Windstream extends 1 Gbps service to North Georgia, looks to overcome slow speed perception

Windstream Business
Upgrading its FTTH and HFC networks in Northern Georgia will enable Windstream to overcome criticism from lawmakers that claimed Windstream was not making necessary upgrades to support the state’s rural communities.

Windstream has rolled out 1 Gbps FTTH service across a large portion of North Georgia, furthering its effort to prove to lawmakers that the service provider is making investments to offer residents and businesses higher speeds that were not previously available.  

This latest upgrade will give local rural residents broadband speeds that exceed the lower tier 10 Mbps offerings from AT&T.

The service provider has rolled out the 1 Gbps service to residential and business customers across 15 North Georgia communities whose service options had been mainly limited to lower speed copper services.

These communities include 15 North Georgia communities: Blairsville, Byron, Clarkesville, Cleveland, Colbert, Dahlonega, Dawsonville, Haddock, Jasper, Jeffersonville, Lakeland, Milledgeville, Noble, Pendergrass and Springfield.

RELATED: Windstream brings 1 Gbps to 35,000 residential, business customers in four markets

Today, Windstream’s 1 Gbps FTTH service is now available in five states. Besides Northern Georgia, Windstream offers the 1 Gbps service in Lincoln, Nebraska; Lexington, Kentucky; Sugar Land, Texas and seven North Carolina communities.

Upon completion, the North Georgia expansion will make gigabit service available to 2,500 households.

HFC upgrades on track

Expanding the availability of 1 Gbps fiber-based broadband service is just one part of Windstream’s broader broadband expansion in Georgia.

Similar to other Tier 2 telcos, Windstream also owns and operates a number of hybrid fiber coax (HFC) cable systems in various markets like Northern Georgia.

In addition to expanding its FTTH footprint, the service provider recently completed the first stage of upgrading its HFC plant in North Georgia, enabling over 6,000 households in Blairsville (Union County) to have access to up to 100 Mbps internet speeds. By the end of 2017 cable upgrade plan—which was announced late last year—will provide high speeds to more than 67,000 households.
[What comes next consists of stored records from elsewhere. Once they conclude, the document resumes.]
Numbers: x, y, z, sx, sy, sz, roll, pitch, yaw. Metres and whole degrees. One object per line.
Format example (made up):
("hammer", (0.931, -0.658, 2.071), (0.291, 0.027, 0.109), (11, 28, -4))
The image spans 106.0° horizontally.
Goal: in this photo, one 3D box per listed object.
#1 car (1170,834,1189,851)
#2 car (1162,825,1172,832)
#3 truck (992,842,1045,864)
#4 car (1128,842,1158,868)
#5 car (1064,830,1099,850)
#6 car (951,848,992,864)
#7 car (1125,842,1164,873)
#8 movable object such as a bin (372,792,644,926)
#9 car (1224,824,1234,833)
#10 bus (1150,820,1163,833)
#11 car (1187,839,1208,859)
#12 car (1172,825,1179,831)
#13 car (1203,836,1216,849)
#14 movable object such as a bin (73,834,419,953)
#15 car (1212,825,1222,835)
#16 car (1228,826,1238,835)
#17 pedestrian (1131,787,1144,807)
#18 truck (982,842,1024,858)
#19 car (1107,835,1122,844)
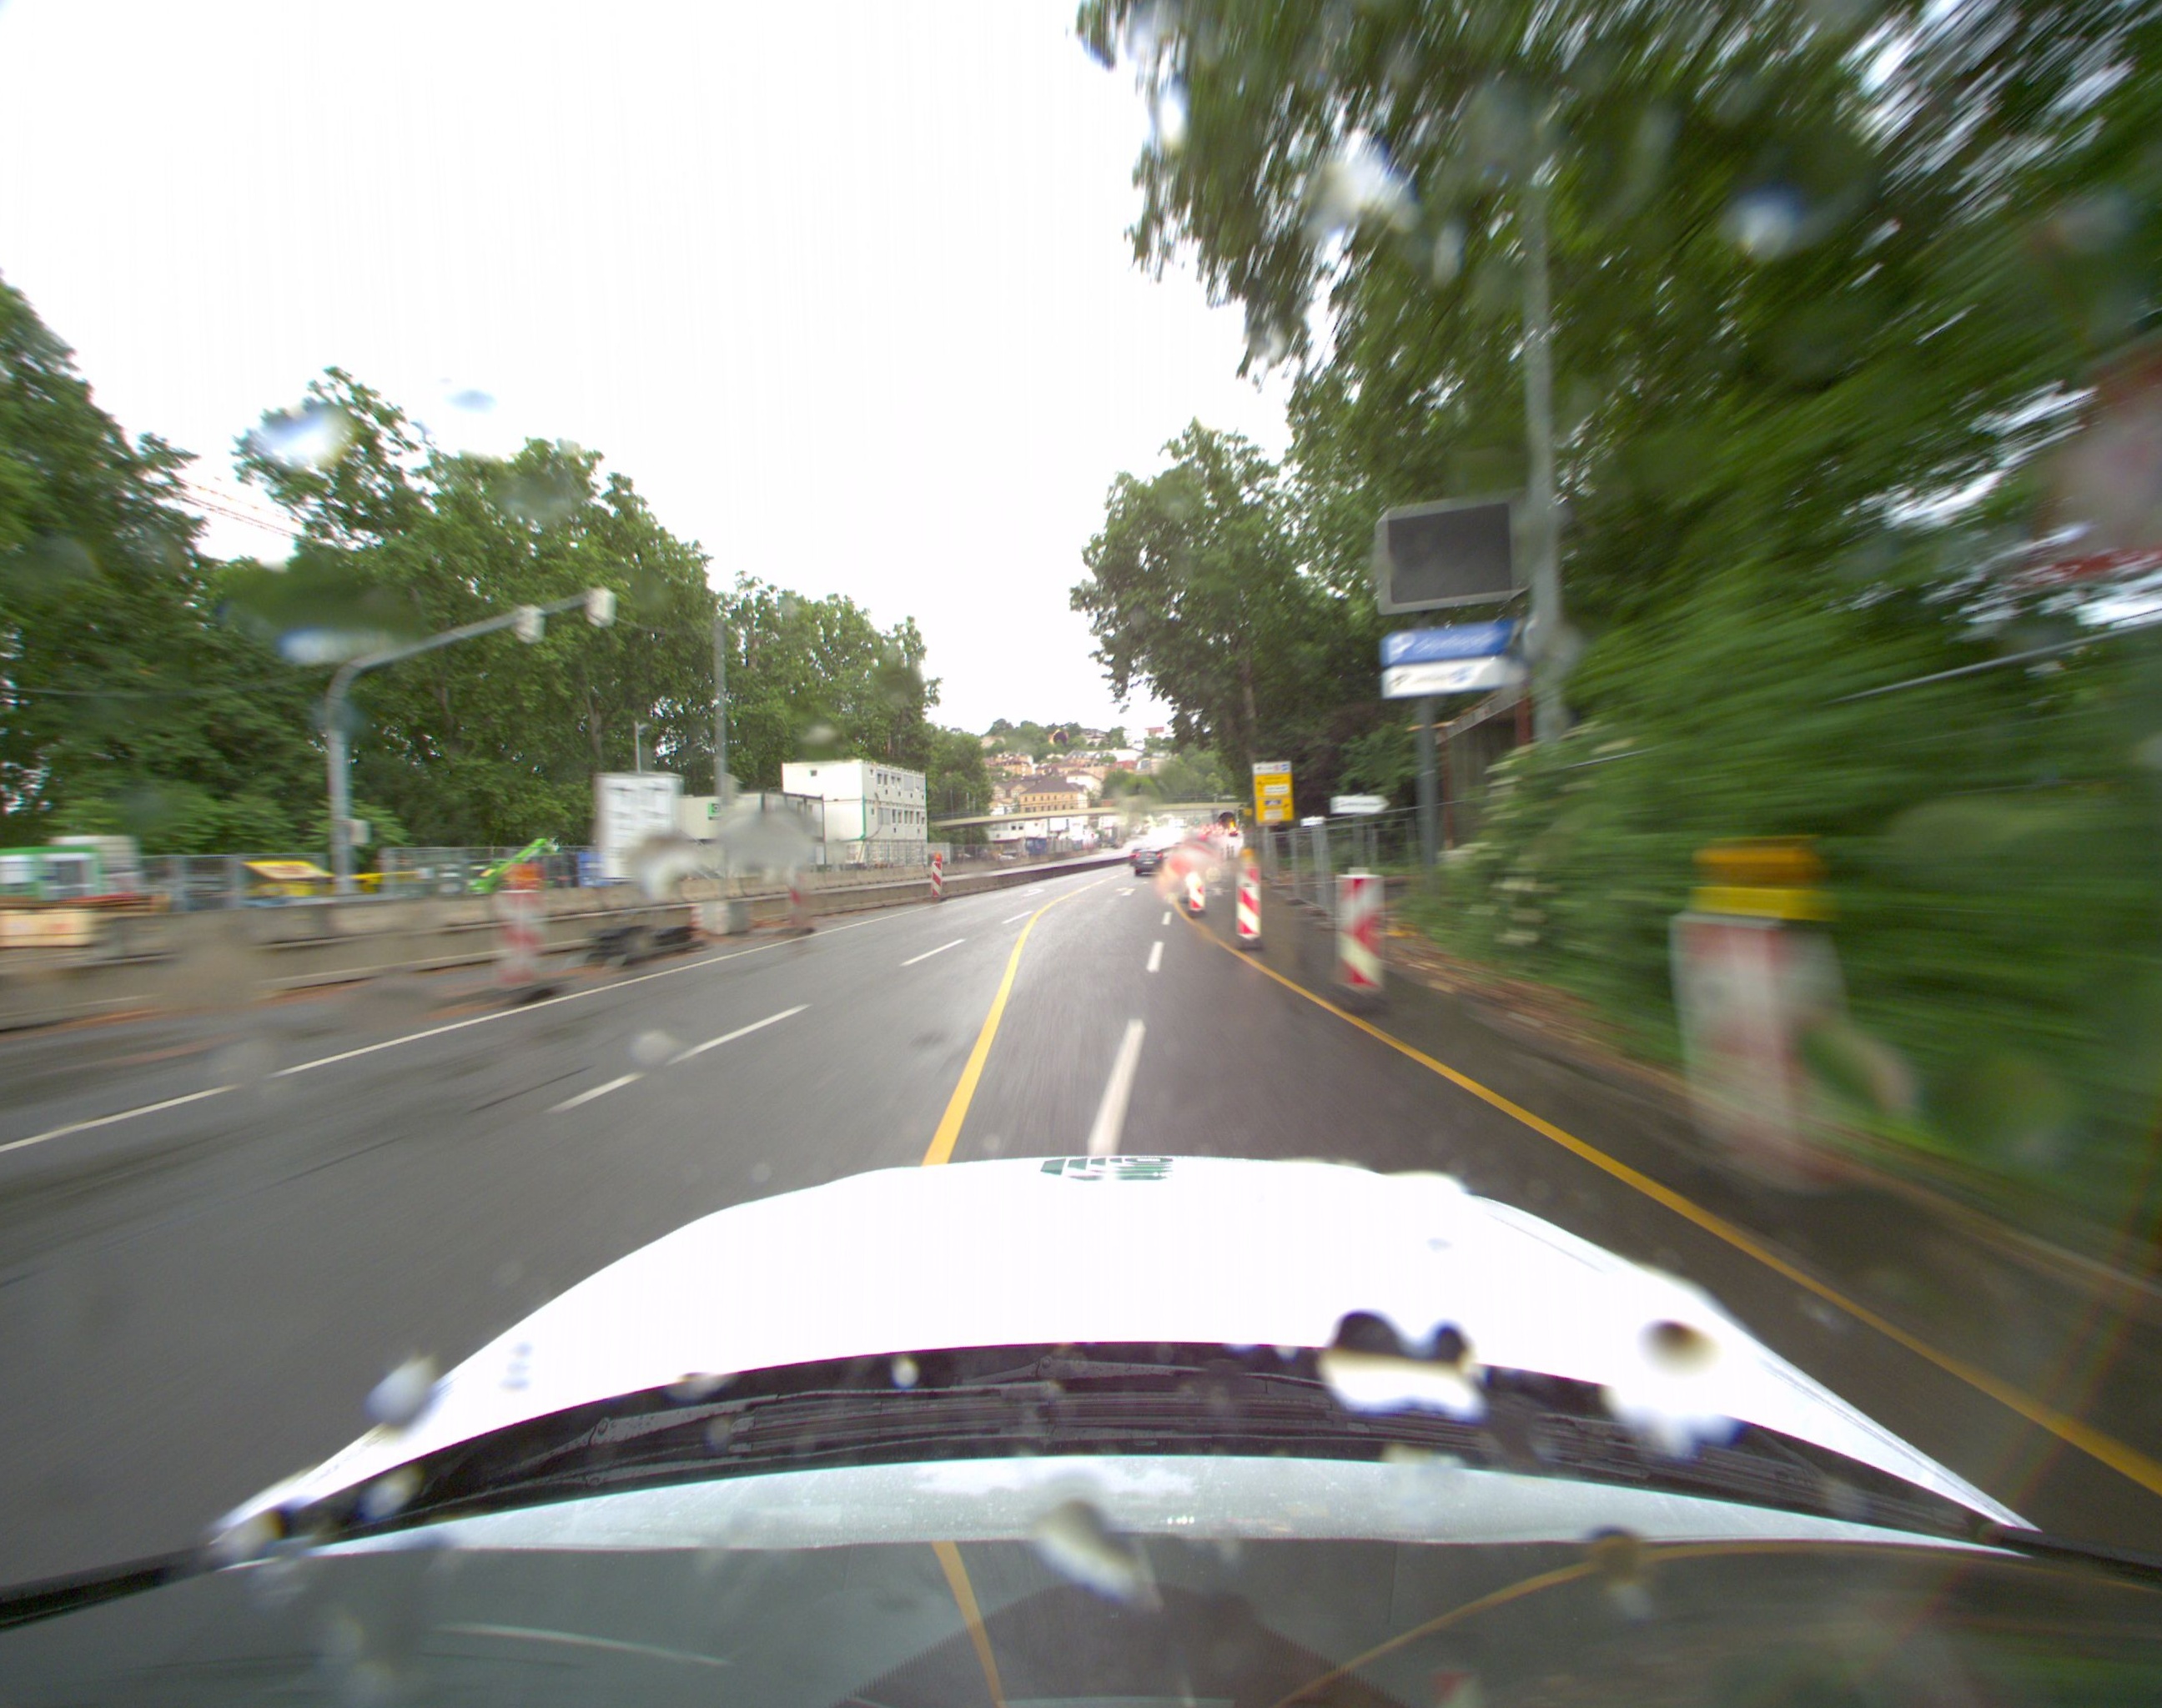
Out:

Upon completing the cable upgrade project, Windstream will have upgraded eligible customers across 13 communities in North Georgia, including: Blairsville, Hiawassee, Young Harris, Dawsonville, Helen, Homer, Cornelia, Commerce, Jefferson, Clarkesville, Nicholson, Dahlonega and Cleveland, as well as Hayesville, N.C.

While Windstream did not reveal the cost of the 100 Mbps service, the introduction of this speed tier reflects that the service provider wants to give its customers various options that leverage all of its network facilities.

Overcoming network criticism

Upgrading its FTTH and HFC networks in Northern Georgia will also enable Windstream to overcome criticism from lawmakers that claimed Windstream was not making necessary upgrades to support the state’s rural communities.

Tony Thomas
Tony Thomas (Windstream)

Tony Thomas, CEO of Windstream, told Rep. Doug Collins, R-Ga., in a letter that since 2014, the telco had invested over $80 million to upgrade its broadband infrastructure throughout Georgia. A big part of that investment included deepening the reach of its fiber network to include neighborhood nodes serving 97% of Windstream's customers in the ninth congressional district.

In 2016, the service provider invested $38 million to extend faster speeds to more users, improve reliability and "future proofing" the core network for emerging needs.

"The upgraded fiber-to-the-node network enables us to offer speeds of at least 10 Mbps—and up to 100 Mbps—to 81% of the locations we serve in the Ninth District," Thomas said in a letter.

At that time, Collins said that Windstream’s reliability issues were an issue for local businesses and public safety organizations.

"The reality is, there is a local fire department that is unable to adequately serve the community because of poor Windstream connections,” Collins said. “There are people who are unable to operate businesses, or work from home, because of unreliable service. This is unacceptable."